1 2 Previous Next 22 Replies Latest reply: Aug 20, 2007 4:08 PM by 843853 Go to original post RSS
      • 15. Re: All 4 digit combinations
        843853
        Urm...
        my program gives the following result:

        0123
        0124
        0125
        0126
        0127
        0128
        0129
        0132
        0134
        0135
        ...
        9872
        9873
        9874
        9875
        9876

        So it actually skips numbers that have repeating digits...
        I think we've lost track of the question, well... at least i have :)
        • 16. Re: All 4 digit combinations
          796440
          why not simply:
          System.out.println("0000");
          for (int i = 1000; i < 10000;
          System.out.println(i++));
          Does exactly what you want, print every possible
          combination of numbers forming a sequence of 4 long.
          I know this is a resurrected zombie, but the above won't give, for instance, 0123.

          Also, it's not clear whether the OP wanted "4 from 9" (like a lotto) or simply all 4-digit combinations.
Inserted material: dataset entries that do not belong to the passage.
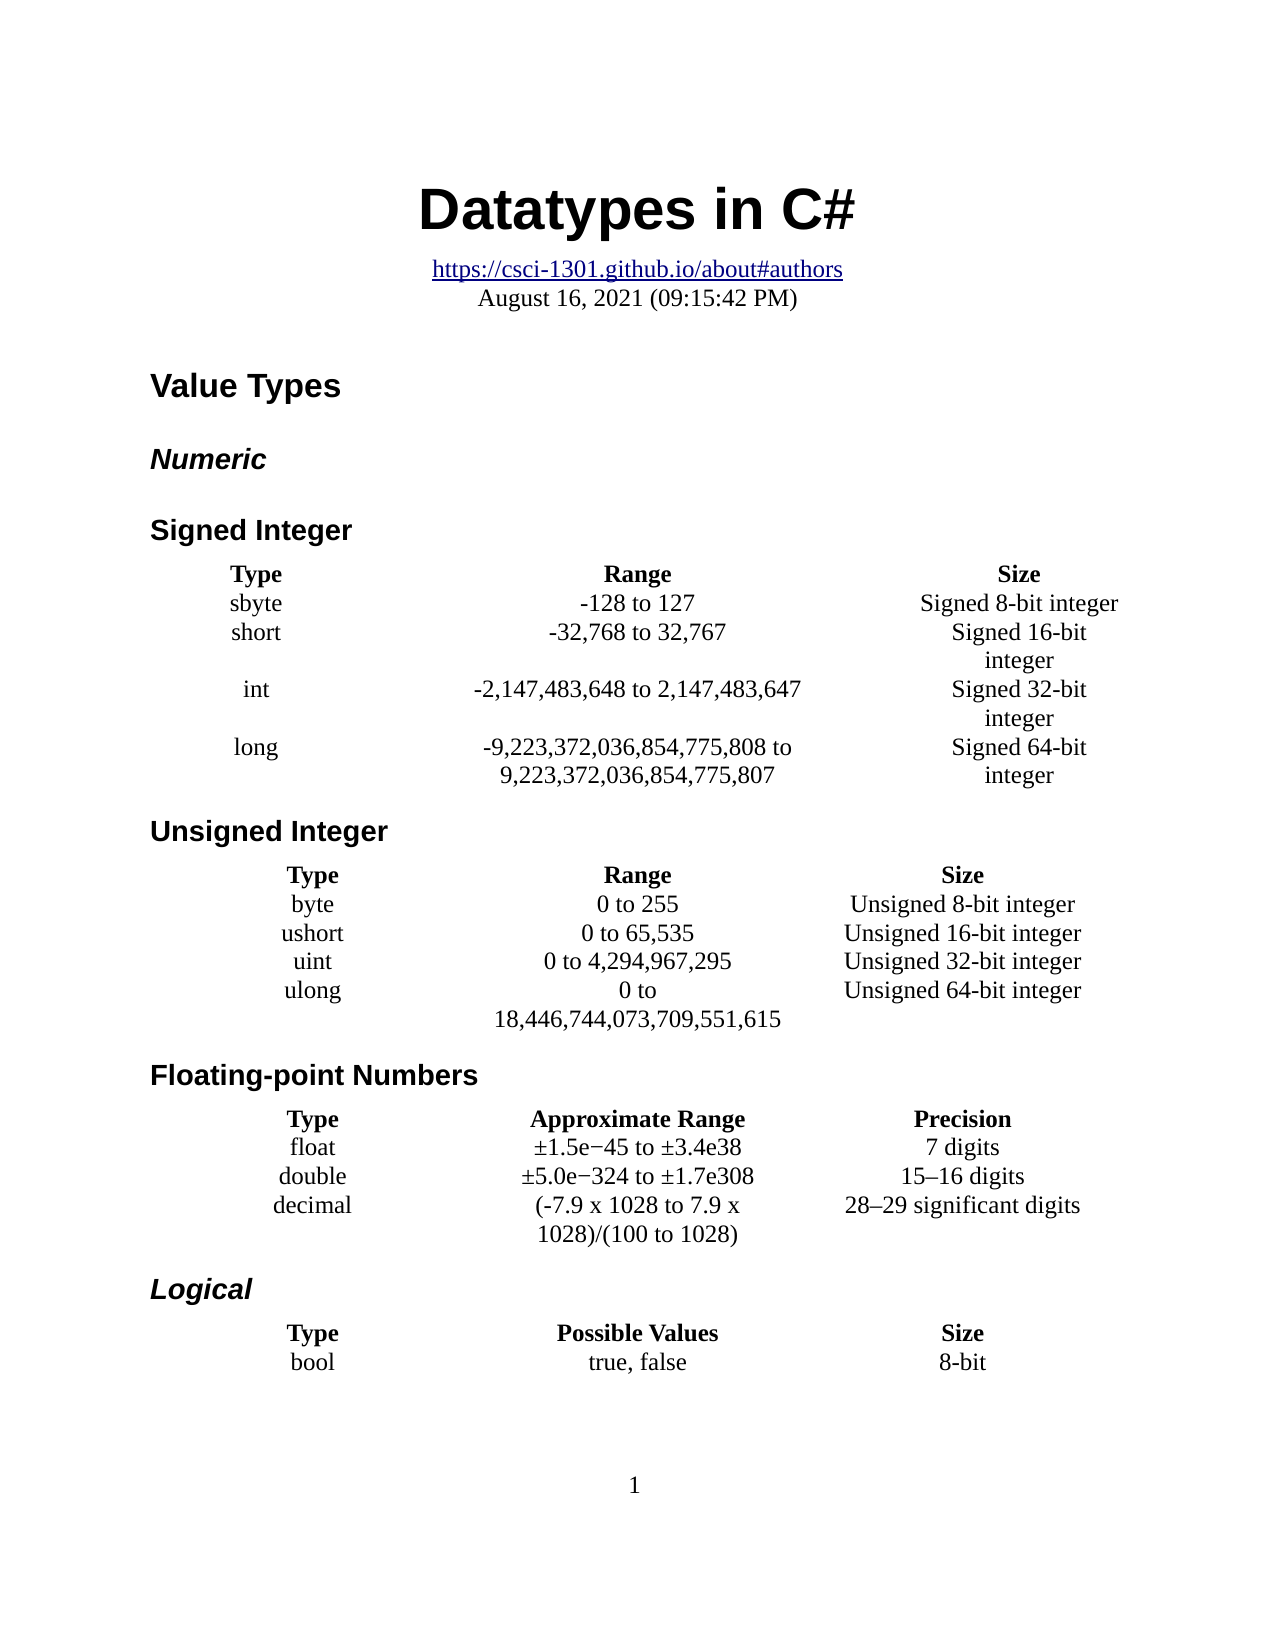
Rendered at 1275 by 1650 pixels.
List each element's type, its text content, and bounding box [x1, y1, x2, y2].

table_cell 0 to 18,446,744,073,709,551,615 [475, 975, 800, 1033]
table_cell byte [150, 889, 475, 918]
table_cell Unsigned 16-bit integer [800, 918, 1125, 946]
table_header Type [150, 559, 362, 588]
table_cell 15–16 digits [800, 1161, 1125, 1190]
table_cell true, false [475, 1347, 800, 1376]
table_header Size [800, 860, 1125, 889]
table_cell -9,223,372,036,854,775,808 to 9,223,372,036,854,775,807 [362, 732, 913, 789]
table_header Possible Values [475, 1319, 800, 1347]
table_cell float [150, 1133, 475, 1161]
table_cell Unsigned 32-bit integer [800, 946, 1125, 975]
text August 16, 2021 (09:15:42 PM) [150, 283, 1125, 312]
subtitle Unsigned Integer [150, 814, 1125, 848]
table_cell Unsigned 64-bit integer [800, 975, 1125, 1033]
table_cell ±5.0e−324 to ±1.7e308 [475, 1161, 800, 1190]
table_cell ±1.5e−45 to ±3.4e38 [475, 1133, 800, 1161]
subtitle Value Types [150, 366, 1125, 404]
table_cell 0 to 4,294,967,295 [475, 946, 800, 975]
table_cell short [150, 617, 362, 674]
table_cell 7 digits [800, 1133, 1125, 1161]
table_cell double [150, 1161, 475, 1190]
table_header Type [150, 1319, 475, 1347]
table_header Type [150, 860, 475, 889]
table_header Range [475, 860, 800, 889]
table_header Range [362, 559, 913, 588]
table_cell -2,147,483,648 to 2,147,483,647 [362, 674, 913, 732]
table_cell 0 to 255 [475, 889, 800, 918]
table_cell -128 to 127 [362, 588, 913, 617]
title Datatypes in C# [150, 175, 1125, 242]
table_cell Signed 16-bit integer [913, 617, 1125, 674]
table_cell -32,768 to 32,767 [362, 617, 913, 674]
table_cell long [150, 732, 362, 789]
table_cell ulong [150, 975, 475, 1033]
table_cell sbyte [150, 588, 362, 617]
subtitle Signed Integer [150, 513, 1125, 547]
table_header Precision [800, 1104, 1125, 1132]
subtitle Floating-point Numbers [150, 1058, 1125, 1091]
table_header Size [913, 559, 1125, 588]
table_cell uint [150, 946, 475, 975]
table_cell Signed 32-bit integer [913, 674, 1125, 732]
subtitle Numeric [150, 442, 1125, 476]
table_cell bool [150, 1347, 475, 1376]
table_cell Signed 64-bit integer [913, 732, 1125, 789]
table_cell (-7.9 x 1028 to 7.9 x 1028)/(100 to 1028) [475, 1190, 800, 1247]
subtitle Logical [150, 1272, 1125, 1306]
table_header Approximate Range [475, 1104, 800, 1132]
table_cell Signed 8-bit integer [913, 588, 1125, 617]
table_cell Unsigned 8-bit integer [800, 889, 1125, 918]
table_header Size [800, 1319, 1125, 1347]
table_cell 0 to 65,535 [475, 918, 800, 946]
table_cell 8-bit [800, 1347, 1125, 1376]
table_cell int [150, 674, 362, 732]
text https://csci-1301.github.io/about#authors [150, 254, 1125, 283]
table_cell decimal [150, 1190, 475, 1247]
table_cell ushort [150, 918, 475, 946]
table_header Type [150, 1104, 475, 1132]
table_cell 28–29 significant digits [800, 1190, 1125, 1247]
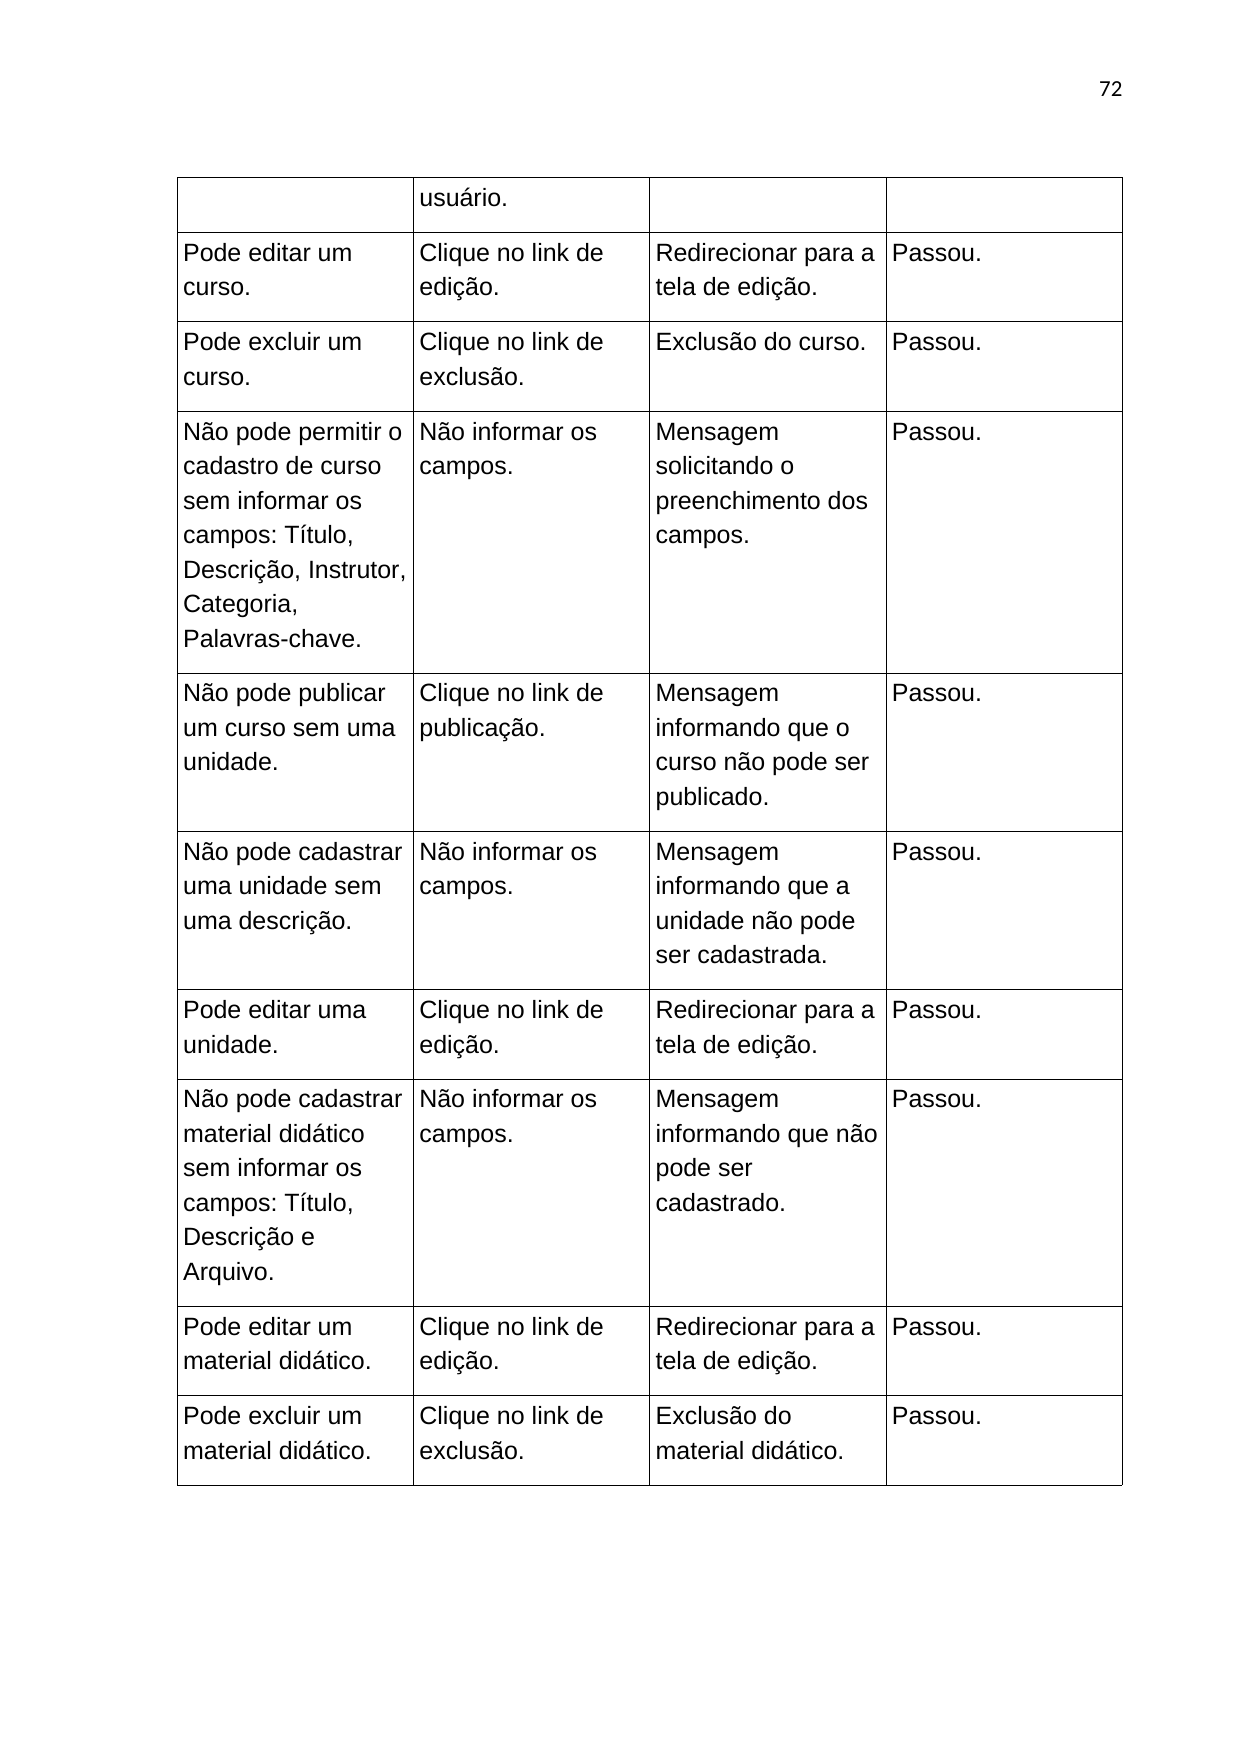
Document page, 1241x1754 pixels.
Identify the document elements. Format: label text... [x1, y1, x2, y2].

table_cell Passou. [887, 990, 1122, 1079]
table_cell Passou. [887, 412, 1122, 673]
table_cell Pode editar um curso. [178, 233, 413, 321]
table_cell [887, 178, 1122, 232]
table_cell [650, 178, 886, 232]
table_cell Clique no link de exclusão. [414, 322, 649, 411]
table_cell Exclusão do material didático. [650, 1396, 886, 1485]
table_cell Pode excluir um material didático. [178, 1396, 413, 1485]
table_cell Pode editar um material didático. [178, 1307, 413, 1395]
table_cell Não pode cadastrar material didático sem informar os campos: Título, Descrição e Arquivo. [178, 1080, 413, 1306]
table_cell Mensagem solicitando o preenchimento dos campos. [650, 412, 886, 673]
table_cell Clique no link de exclusão. [414, 1396, 649, 1485]
table_cell Redirecionar para a tela de edição. [650, 990, 886, 1079]
table_cell Não pode publicar um curso sem uma unidade. [178, 674, 413, 831]
table_cell Não informar os campos. [414, 1080, 649, 1306]
table_cell Mensagem informando que a unidade não pode ser cadastrada. [650, 832, 886, 989]
table_cell Clique no link de edição. [414, 1307, 649, 1395]
table_cell Pode excluir um curso. [178, 322, 413, 411]
table_cell Não informar os campos. [414, 412, 649, 673]
table_cell Mensagem informando que o curso não pode ser publicado. [650, 674, 886, 831]
table_cell Exclusão do curso. [650, 322, 886, 411]
table_cell Redirecionar para a tela de edição. [650, 233, 886, 321]
table_cell Passou. [887, 1080, 1122, 1306]
table_cell Passou. [887, 1396, 1122, 1485]
table_cell Não pode cadastrar uma unidade sem uma descrição. [178, 832, 413, 989]
table_cell Não pode permitir o cadastro de curso sem informar os campos: Título, Descrição, Instrutor, Categoria, Palavras-chave. [178, 412, 413, 673]
table_cell Clique no link de edição. [414, 233, 649, 321]
table_cell Passou. [887, 832, 1122, 989]
table_cell Clique no link de edição. [414, 990, 649, 1079]
table_cell Mensagem informando que não pode ser cadastrado. [650, 1080, 886, 1306]
table_cell Passou. [887, 322, 1122, 411]
table_cell Passou. [887, 1307, 1122, 1395]
table_cell Pode editar uma unidade. [178, 990, 413, 1079]
table_cell Passou. [887, 674, 1122, 831]
table_cell Clique no link de publicação. [414, 674, 649, 831]
table_cell usuário. [414, 178, 649, 232]
table_cell Redirecionar para a tela de edição. [650, 1307, 886, 1395]
table_cell Passou. [887, 233, 1122, 321]
table_cell [178, 178, 413, 232]
table_cell Não informar os campos. [414, 832, 649, 989]

The OP sounded like the latter, I thought, but a couple of posted solutions tackled the former, so I'm not really sure.
          • 17. Re: All 4 digit combinations
            843853
            I think we two things...
            a) that this discussion is going nowhere
            b) that the initial "codes" (lol) are awful and useless, do'th anyone agree?
            public class Test3 {
            public static void main(String[] args)
            {
            int arr[] = {0,1, 2, 3, 4,5,6,7,8,9};
            int a[]={1};
            printPermutations(new int[0],arr);
            int i=0;
            }

            static void printPermutations(int soFar[], int someArray[])
            {
            int i = 0;
            if(someArray.length == 0)
            {
                 int j = 0;
            for(int ndx = 0; ndx < 4; ndx++)
            {
            System.out.print(soFar[ndx] );
            }
            System.out.println("****");
            return;
            }

            for(int ele = 0; ele < someArray.length; ele++)
            {             
            newSoFar[] = new int[soFar.length + 1];
            for(int ndx = 0; ndx < soFar.length; ndx++)
            {
            newSoFar[ndx] = soFar[ndx];
            newSoFar[newSoFar.length - 1] = someArray[ele];
            int subArray[] = new int[someArray.length - 1];
            for(int ndx = 0; ndx < someArray.length; ndx++)
            {
            if(ndx < ele) subArray[ndx] =someArray[ndx];
            if(ndx > ele) subArray[ndx - 1] =someArray[ndx];
            }
            printPermutations(newSoFar, subArray);
            }
            }
            }
            }
            • 18. Re: All 4 digit combinations
              jwenting
              why not simply:
              System.out.println("0000");
              for (int i = 1000; i < 10000;
              System.out.println(i++));
              Does exactly what you want, print every possible
              combination of numbers forming a sequence of 4
              long.


              I know this is a resurrected zombie, but the above
              won't give, for instance, 0123.
              ah yes, but it could be easily adjusted to give that as well of course.
              • 19. changing the subject
                843853
                what happens if the user gets to choose the number of digits?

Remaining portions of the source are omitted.